Extracted records section start
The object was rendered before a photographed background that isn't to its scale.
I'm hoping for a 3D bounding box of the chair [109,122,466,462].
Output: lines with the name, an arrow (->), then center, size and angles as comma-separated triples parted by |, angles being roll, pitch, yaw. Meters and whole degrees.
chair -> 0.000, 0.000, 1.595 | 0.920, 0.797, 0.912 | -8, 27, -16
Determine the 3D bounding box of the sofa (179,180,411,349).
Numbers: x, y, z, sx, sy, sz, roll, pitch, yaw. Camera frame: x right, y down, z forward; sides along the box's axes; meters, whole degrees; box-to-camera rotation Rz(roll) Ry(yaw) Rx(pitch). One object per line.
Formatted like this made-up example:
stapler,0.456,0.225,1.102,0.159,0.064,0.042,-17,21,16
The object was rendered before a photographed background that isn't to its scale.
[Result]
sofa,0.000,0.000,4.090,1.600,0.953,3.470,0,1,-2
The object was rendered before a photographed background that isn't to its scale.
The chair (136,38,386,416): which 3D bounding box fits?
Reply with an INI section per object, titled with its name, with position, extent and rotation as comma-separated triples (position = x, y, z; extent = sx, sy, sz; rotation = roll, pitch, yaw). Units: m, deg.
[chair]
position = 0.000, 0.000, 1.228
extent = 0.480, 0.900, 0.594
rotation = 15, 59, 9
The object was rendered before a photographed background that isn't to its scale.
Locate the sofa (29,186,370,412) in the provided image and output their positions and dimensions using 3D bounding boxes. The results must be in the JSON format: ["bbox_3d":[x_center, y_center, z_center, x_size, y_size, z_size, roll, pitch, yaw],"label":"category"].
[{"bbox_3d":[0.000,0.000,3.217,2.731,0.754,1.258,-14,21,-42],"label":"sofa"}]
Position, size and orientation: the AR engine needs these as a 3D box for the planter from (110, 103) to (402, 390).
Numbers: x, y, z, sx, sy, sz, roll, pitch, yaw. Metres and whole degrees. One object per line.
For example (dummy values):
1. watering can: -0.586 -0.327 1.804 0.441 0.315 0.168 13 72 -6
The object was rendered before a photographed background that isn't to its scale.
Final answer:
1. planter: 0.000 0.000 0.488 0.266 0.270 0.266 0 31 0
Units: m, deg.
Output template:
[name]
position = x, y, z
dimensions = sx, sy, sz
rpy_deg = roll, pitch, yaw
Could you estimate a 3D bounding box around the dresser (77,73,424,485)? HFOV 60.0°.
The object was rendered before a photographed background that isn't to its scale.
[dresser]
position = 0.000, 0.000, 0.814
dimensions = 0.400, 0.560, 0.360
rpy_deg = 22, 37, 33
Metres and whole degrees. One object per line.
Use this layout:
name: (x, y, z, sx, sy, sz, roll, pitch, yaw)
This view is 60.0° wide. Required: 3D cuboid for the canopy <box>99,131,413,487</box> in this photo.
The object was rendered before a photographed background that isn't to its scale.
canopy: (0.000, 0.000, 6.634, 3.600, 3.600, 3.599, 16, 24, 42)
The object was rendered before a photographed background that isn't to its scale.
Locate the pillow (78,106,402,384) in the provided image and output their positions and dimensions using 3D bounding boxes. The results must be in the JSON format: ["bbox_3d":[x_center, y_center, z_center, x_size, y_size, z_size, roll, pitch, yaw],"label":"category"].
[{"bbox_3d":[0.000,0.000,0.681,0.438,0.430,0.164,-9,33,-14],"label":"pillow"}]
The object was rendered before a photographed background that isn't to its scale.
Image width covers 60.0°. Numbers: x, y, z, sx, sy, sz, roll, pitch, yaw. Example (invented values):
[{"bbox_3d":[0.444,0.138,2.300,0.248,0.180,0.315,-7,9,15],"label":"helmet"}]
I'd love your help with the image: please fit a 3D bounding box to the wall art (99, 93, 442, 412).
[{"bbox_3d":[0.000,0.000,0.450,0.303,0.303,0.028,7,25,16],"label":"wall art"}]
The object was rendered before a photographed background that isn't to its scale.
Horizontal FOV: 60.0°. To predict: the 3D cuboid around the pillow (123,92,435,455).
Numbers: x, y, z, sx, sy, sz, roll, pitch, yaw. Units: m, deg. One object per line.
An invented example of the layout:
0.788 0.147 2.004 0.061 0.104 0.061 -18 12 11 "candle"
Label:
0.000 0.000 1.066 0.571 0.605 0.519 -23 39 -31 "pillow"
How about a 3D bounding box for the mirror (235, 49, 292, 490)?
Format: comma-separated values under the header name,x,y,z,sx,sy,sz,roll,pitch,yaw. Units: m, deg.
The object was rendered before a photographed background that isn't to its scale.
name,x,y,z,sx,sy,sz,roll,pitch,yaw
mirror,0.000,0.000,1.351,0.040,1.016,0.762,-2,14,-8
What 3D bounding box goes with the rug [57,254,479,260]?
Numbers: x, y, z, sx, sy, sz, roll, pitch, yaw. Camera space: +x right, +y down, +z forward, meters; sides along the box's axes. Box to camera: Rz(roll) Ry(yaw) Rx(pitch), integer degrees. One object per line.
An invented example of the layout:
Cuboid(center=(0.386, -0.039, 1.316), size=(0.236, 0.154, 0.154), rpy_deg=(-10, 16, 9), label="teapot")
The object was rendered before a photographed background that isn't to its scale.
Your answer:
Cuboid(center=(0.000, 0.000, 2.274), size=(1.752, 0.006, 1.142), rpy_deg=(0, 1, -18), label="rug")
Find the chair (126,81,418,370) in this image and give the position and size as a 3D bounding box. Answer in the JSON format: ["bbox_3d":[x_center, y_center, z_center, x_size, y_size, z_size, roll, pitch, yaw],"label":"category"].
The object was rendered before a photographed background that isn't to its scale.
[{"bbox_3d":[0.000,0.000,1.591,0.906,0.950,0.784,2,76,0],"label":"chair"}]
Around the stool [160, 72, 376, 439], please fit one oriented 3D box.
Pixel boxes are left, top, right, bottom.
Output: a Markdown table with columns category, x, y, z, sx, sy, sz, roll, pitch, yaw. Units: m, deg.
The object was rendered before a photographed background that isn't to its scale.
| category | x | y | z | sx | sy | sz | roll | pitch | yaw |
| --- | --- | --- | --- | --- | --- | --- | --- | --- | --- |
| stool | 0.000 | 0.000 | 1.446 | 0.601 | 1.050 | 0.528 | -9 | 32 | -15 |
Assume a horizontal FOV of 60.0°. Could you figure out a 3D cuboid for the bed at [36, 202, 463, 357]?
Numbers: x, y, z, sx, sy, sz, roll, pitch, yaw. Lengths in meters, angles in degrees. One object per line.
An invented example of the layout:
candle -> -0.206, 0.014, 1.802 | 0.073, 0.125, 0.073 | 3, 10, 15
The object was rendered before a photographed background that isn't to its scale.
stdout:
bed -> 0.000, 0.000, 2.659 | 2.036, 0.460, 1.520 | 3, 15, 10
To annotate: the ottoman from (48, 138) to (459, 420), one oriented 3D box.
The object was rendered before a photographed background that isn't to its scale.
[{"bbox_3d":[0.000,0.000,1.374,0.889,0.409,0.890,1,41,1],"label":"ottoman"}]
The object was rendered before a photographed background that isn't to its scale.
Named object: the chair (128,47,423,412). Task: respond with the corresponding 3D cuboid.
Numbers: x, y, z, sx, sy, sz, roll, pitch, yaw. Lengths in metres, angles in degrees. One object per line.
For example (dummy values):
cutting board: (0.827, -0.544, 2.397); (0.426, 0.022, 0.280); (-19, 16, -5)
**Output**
Extracted records section end
What this task involves => Could you copy every record above exactly as written?

The completed task =>
The object was rendered before a photographed background that isn't to its scale.
I'm hoping for a 3D bounding box of the chair [109,122,466,462].
Output: lines with the name, an arrow (->), then center, size and angles as comma-separated triples parted by |, angles being roll, pitch, yaw. Meters and whole degrees.
chair -> 0.000, 0.000, 1.595 | 0.920, 0.797, 0.912 | -8, 27, -16
Determine the 3D bounding box of the sofa (179,180,411,349).
Numbers: x, y, z, sx, sy, sz, roll, pitch, yaw. Camera frame: x right, y down, z forward; sides along the box's axes; meters, whole degrees; box-to-camera rotation Rz(roll) Ry(yaw) Rx(pitch). One object per line.
Formatted like this made-up example:
stapler,0.456,0.225,1.102,0.159,0.064,0.042,-17,21,16
The object was rendered before a photographed background that isn't to its scale.
[Result]
sofa,0.000,0.000,4.090,1.600,0.953,3.470,0,1,-2
The object was rendered before a photographed background that isn't to its scale.
The chair (136,38,386,416): which 3D bounding box fits?
Reply with an INI section per object, titled with its name, with position, extent and rotation as comma-separated triples (position = x, y, z; extent = sx, sy, sz; rotation = roll, pitch, yaw). Units: m, deg.
[chair]
position = 0.000, 0.000, 1.228
extent = 0.480, 0.900, 0.594
rotation = 15, 59, 9
The object was rendered before a photographed background that isn't to its scale.
Locate the sofa (29,186,370,412) in the provided image and output their positions and dimensions using 3D bounding boxes. The results must be in the JSON format: ["bbox_3d":[x_center, y_center, z_center, x_size, y_size, z_size, roll, pitch, yaw],"label":"category"].
[{"bbox_3d":[0.000,0.000,3.217,2.731,0.754,1.258,-14,21,-42],"label":"sofa"}]
Position, size and orientation: the AR engine needs these as a 3D box for the planter from (110, 103) to (402, 390).
Numbers: x, y, z, sx, sy, sz, roll, pitch, yaw. Metres and whole degrees. One object per line.
For example (dummy values):
1. watering can: -0.586 -0.327 1.804 0.441 0.315 0.168 13 72 -6
The object was rendered before a photographed background that isn't to its scale.
Final answer:
1. planter: 0.000 0.000 0.488 0.266 0.270 0.266 0 31 0
Units: m, deg.
Output template:
[name]
position = x, y, z
dimensions = sx, sy, sz
rpy_deg = roll, pitch, yaw
Could you estimate a 3D bounding box around the dresser (77,73,424,485)? HFOV 60.0°.
The object was rendered before a photographed background that isn't to its scale.
[dresser]
position = 0.000, 0.000, 0.814
dimensions = 0.400, 0.560, 0.360
rpy_deg = 22, 37, 33
Metres and whole degrees. One object per line.
Use this layout:
name: (x, y, z, sx, sy, sz, roll, pitch, yaw)
This view is 60.0° wide. Required: 3D cuboid for the canopy <box>99,131,413,487</box> in this photo.
The object was rendered before a photographed background that isn't to its scale.
canopy: (0.000, 0.000, 6.634, 3.600, 3.600, 3.599, 16, 24, 42)
The object was rendered before a photographed background that isn't to its scale.
Locate the pillow (78,106,402,384) in the provided image and output their positions and dimensions using 3D bounding boxes. The results must be in the JSON format: ["bbox_3d":[x_center, y_center, z_center, x_size, y_size, z_size, roll, pitch, yaw],"label":"category"].
[{"bbox_3d":[0.000,0.000,0.681,0.438,0.430,0.164,-9,33,-14],"label":"pillow"}]
The object was rendered before a photographed background that isn't to its scale.
Image width covers 60.0°. Numbers: x, y, z, sx, sy, sz, roll, pitch, yaw. Example (invented values):
[{"bbox_3d":[0.444,0.138,2.300,0.248,0.180,0.315,-7,9,15],"label":"helmet"}]
I'd love your help with the image: please fit a 3D bounding box to the wall art (99, 93, 442, 412).
[{"bbox_3d":[0.000,0.000,0.450,0.303,0.303,0.028,7,25,16],"label":"wall art"}]
The object was rendered before a photographed background that isn't to its scale.
Horizontal FOV: 60.0°. To predict: the 3D cuboid around the pillow (123,92,435,455).
Numbers: x, y, z, sx, sy, sz, roll, pitch, yaw. Units: m, deg. One object per line.
An invented example of the layout:
0.788 0.147 2.004 0.061 0.104 0.061 -18 12 11 "candle"
Label:
0.000 0.000 1.066 0.571 0.605 0.519 -23 39 -31 "pillow"
How about a 3D bounding box for the mirror (235, 49, 292, 490)?
Format: comma-separated values under the header name,x,y,z,sx,sy,sz,roll,pitch,yaw. Units: m, deg.
The object was rendered before a photographed background that isn't to its scale.
name,x,y,z,sx,sy,sz,roll,pitch,yaw
mirror,0.000,0.000,1.351,0.040,1.016,0.762,-2,14,-8
What 3D bounding box goes with the rug [57,254,479,260]?
Numbers: x, y, z, sx, sy, sz, roll, pitch, yaw. Camera space: +x right, +y down, +z forward, meters; sides along the box's axes. Box to camera: Rz(roll) Ry(yaw) Rx(pitch), integer degrees. One object per line.
An invented example of the layout:
Cuboid(center=(0.386, -0.039, 1.316), size=(0.236, 0.154, 0.154), rpy_deg=(-10, 16, 9), label="teapot")
The object was rendered before a photographed background that isn't to its scale.
Your answer:
Cuboid(center=(0.000, 0.000, 2.274), size=(1.752, 0.006, 1.142), rpy_deg=(0, 1, -18), label="rug")
Find the chair (126,81,418,370) in this image and give the position and size as a 3D bounding box. Answer in the JSON format: ["bbox_3d":[x_center, y_center, z_center, x_size, y_size, z_size, roll, pitch, yaw],"label":"category"].
The object was rendered before a photographed background that isn't to its scale.
[{"bbox_3d":[0.000,0.000,1.591,0.906,0.950,0.784,2,76,0],"label":"chair"}]
Around the stool [160, 72, 376, 439], please fit one oriented 3D box.
Pixel boxes are left, top, right, bottom.
Output: a Markdown table with columns category, x, y, z, sx, sy, sz, roll, pitch, yaw. Units: m, deg.
The object was rendered before a photographed background that isn't to its scale.
| category | x | y | z | sx | sy | sz | roll | pitch | yaw |
| --- | --- | --- | --- | --- | --- | --- | --- | --- | --- |
| stool | 0.000 | 0.000 | 1.446 | 0.601 | 1.050 | 0.528 | -9 | 32 | -15 |
Assume a horizontal FOV of 60.0°. Could you figure out a 3D cuboid for the bed at [36, 202, 463, 357]?
Numbers: x, y, z, sx, sy, sz, roll, pitch, yaw. Lengths in meters, angles in degrees. One object per line.
An invented example of the layout:
candle -> -0.206, 0.014, 1.802 | 0.073, 0.125, 0.073 | 3, 10, 15
The object was rendered before a photographed background that isn't to its scale.
stdout:
bed -> 0.000, 0.000, 2.659 | 2.036, 0.460, 1.520 | 3, 15, 10
To annotate: the ottoman from (48, 138) to (459, 420), one oriented 3D box.
The object was rendered before a photographed background that isn't to its scale.
[{"bbox_3d":[0.000,0.000,1.374,0.889,0.409,0.890,1,41,1],"label":"ottoman"}]
The object was rendered before a photographed background that isn't to its scale.
Named object: the chair (128,47,423,412). Task: respond with the corresponding 3D cuboid.
Numbers: x, y, z, sx, sy, sz, roll, pitch, yaw. Lengths in metres, angles in degrees. One object per line.
For example (dummy values):
cutting board: (0.827, -0.544, 2.397); (0.426, 0.022, 0.280); (-19, 16, -5)
**Output**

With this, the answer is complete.